Adding alerts to systems has become a widespread standard practice that helps engineers keep their production systems up. The basic idea of such a setup is that systems should be designed in such a way that they should be able to compensate for common failure cases, but if something happens that’s beyond the boundaries of the system’s ability to handle, it should tell a human about it so that they can come in and fix the problem manually.

The on-call model for software was adopted from other industries, the surgeon who may get called in to perform an emergency surgery for example. But unlike the surgeon and quite a few of our other pager-bearing counterparts, it’s often possible to achieve a considerable amount of automation in software industry with the brunt of failures being handled by internal systems automatically and relatively few dropping through the cracks to a human. Receiving a page is of course a less-than-desirable outcome because it might lead to someone waking up in the middle of the night to fix a problem at work, making automation attractive (but not wholly sufficient in itself).

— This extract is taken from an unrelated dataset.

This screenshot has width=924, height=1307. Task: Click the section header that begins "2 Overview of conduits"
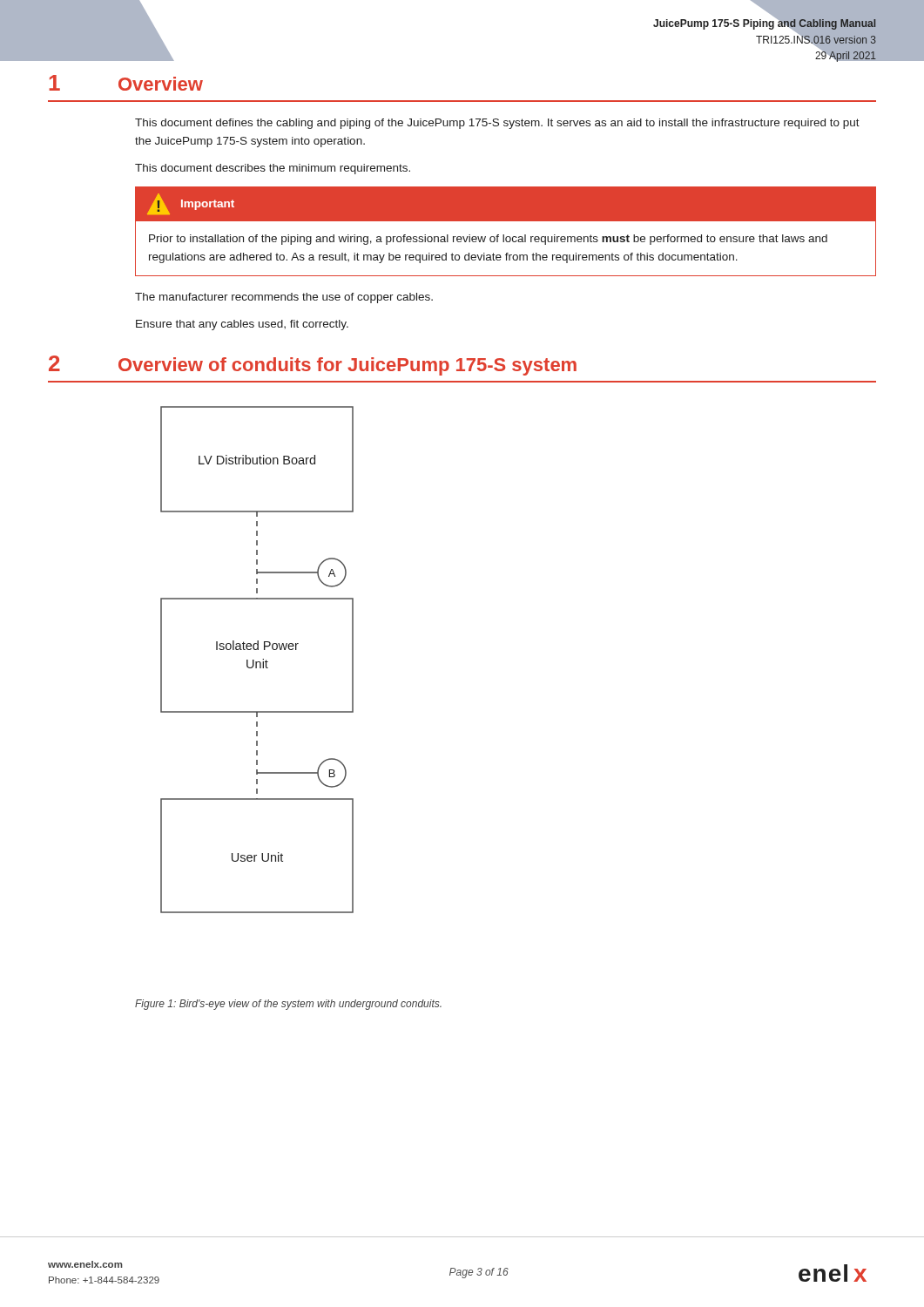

Adopting a system of alerting certainly isn’t a problem-free endeavor though; like many other areas in technology, there are a plethora of pitfalls to run into. Lack of a appropriate discipline while designing them can lead to bad weeks on-call and operator fatigue. Specifically, here are a few problems that are easy to run into:

  • Alarms that page too aggressively; they’re responded to and it turns out that nothing is wrong.
  • Alarms that aren’t specific enough; they’re responded to and significantly more analysis is needed to figure out what’s going on.
  • Alarms that need to be passed down the line because they only represent an indirect failure in the observed service.
  • Alarms that go off time and again, without the root problem ever getting fixed.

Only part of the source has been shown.